Problem: Exact copy, no pictures: return all the data below as written.
*** Block opens ***
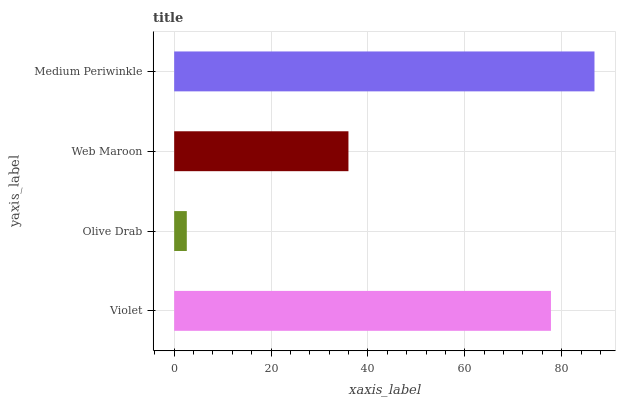Is Olive Drab the minimum?
Answer yes or no. Yes. Is Medium Periwinkle the maximum?
Answer yes or no. Yes. Is Web Maroon the minimum?
Answer yes or no. No. Is Web Maroon the maximum?
Answer yes or no. No. Is Web Maroon greater than Olive Drab?
Answer yes or no. Yes. Is Olive Drab less than Web Maroon?
Answer yes or no. Yes. Is Olive Drab greater than Web Maroon?
Answer yes or no. No. Is Web Maroon less than Olive Drab?
Answer yes or no. No. Is Violet the high median?
Answer yes or no. Yes. Is Web Maroon the low median?
Answer yes or no. Yes. Is Olive Drab the high median?
Answer yes or no. No. Is Violet the low median?
Answer yes or no. No. 
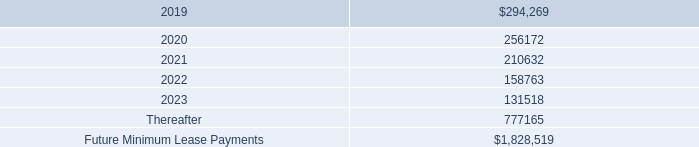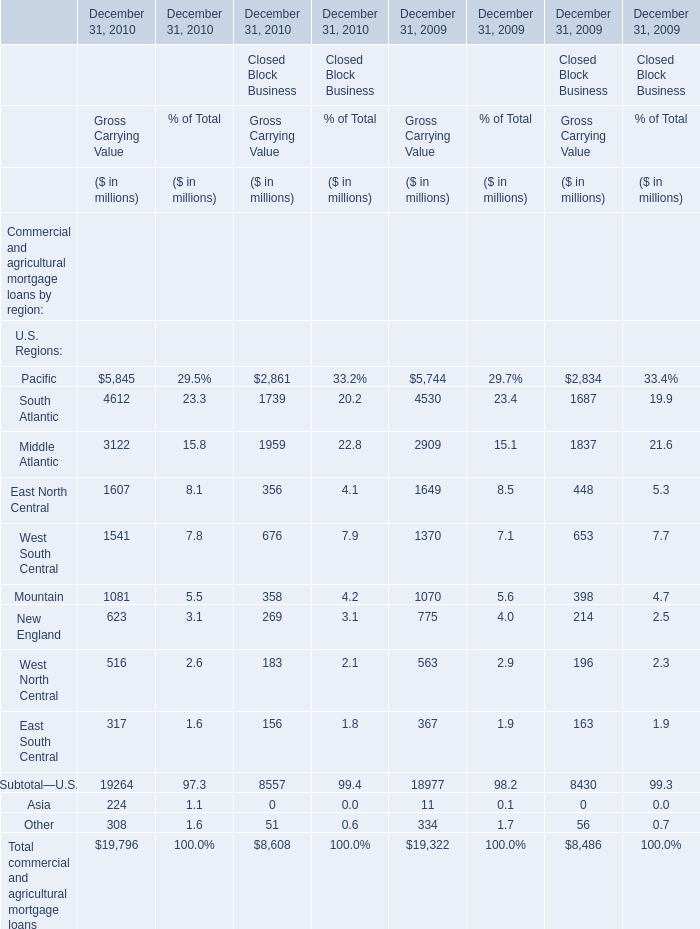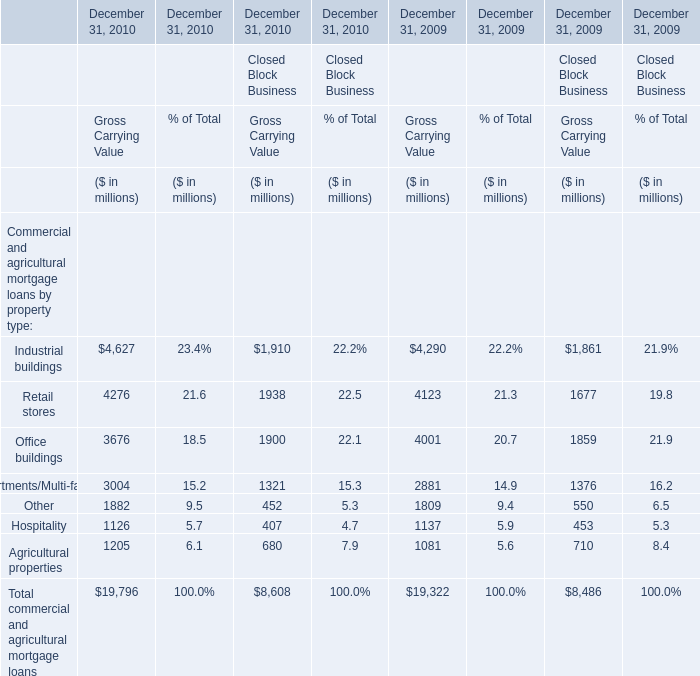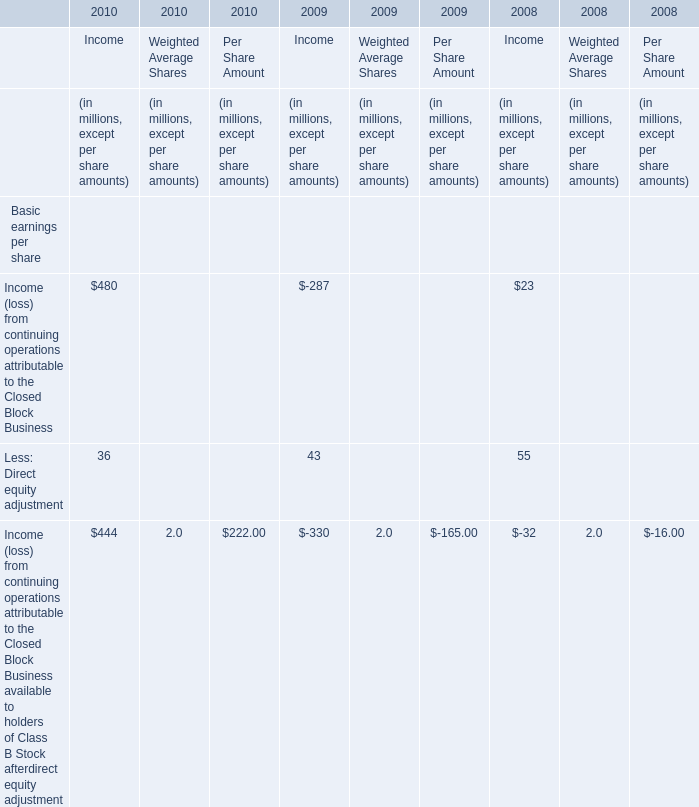What's the growth rate of the Gross Carrying Value in terms of Financial Services Businesses for Commercial and agricultural mortgage loans by property type:Retail stores on December 31 in 2010? 
Computations: ((4276 - 4123) / 4123)
Answer: 0.03711. what was the cumulative total rental expense for operating leases from 2016 to 2018 
Computations: (212 + (300 + 247))
Answer: 759.0.
*** Block closes ***
Response area:
Is Olive Drab the minimum?
Answer yes or no. Yes. Is Medium Periwinkle the maximum?
Answer yes or no. Yes. Is Web Maroon the minimum?
Answer yes or no. No. Is Web Maroon the maximum?
Answer yes or no. No. Is Web Maroon greater than Olive Drab?
Answer yes or no. Yes. Is Olive Drab less than Web Maroon?
Answer yes or no. Yes. Is Olive Drab greater than Web Maroon?
Answer yes or no. No. Is Web Maroon less than Olive Drab?
Answer yes or no. No. Is Violet the high median?
Answer yes or no. Yes. Is Web Maroon the low median?
Answer yes or no. Yes. Is Olive Drab the high median?
Answer yes or no. No. Is Violet the low median?
Answer yes or no. No. 
What's the growth rate of the Gross Carrying Value in terms of Financial Services Businesses for Commercial and agricultural mortgage loans by property type:Retail stores on December 31 in 2010? 
Computations: ((4276 - 4123) / 4123)
Answer: 0.03711. what was the cumulative total rental expense for operating leases from 2016 to 2018 
Computations: (212 + (300 + 247))
Answer: 759.0.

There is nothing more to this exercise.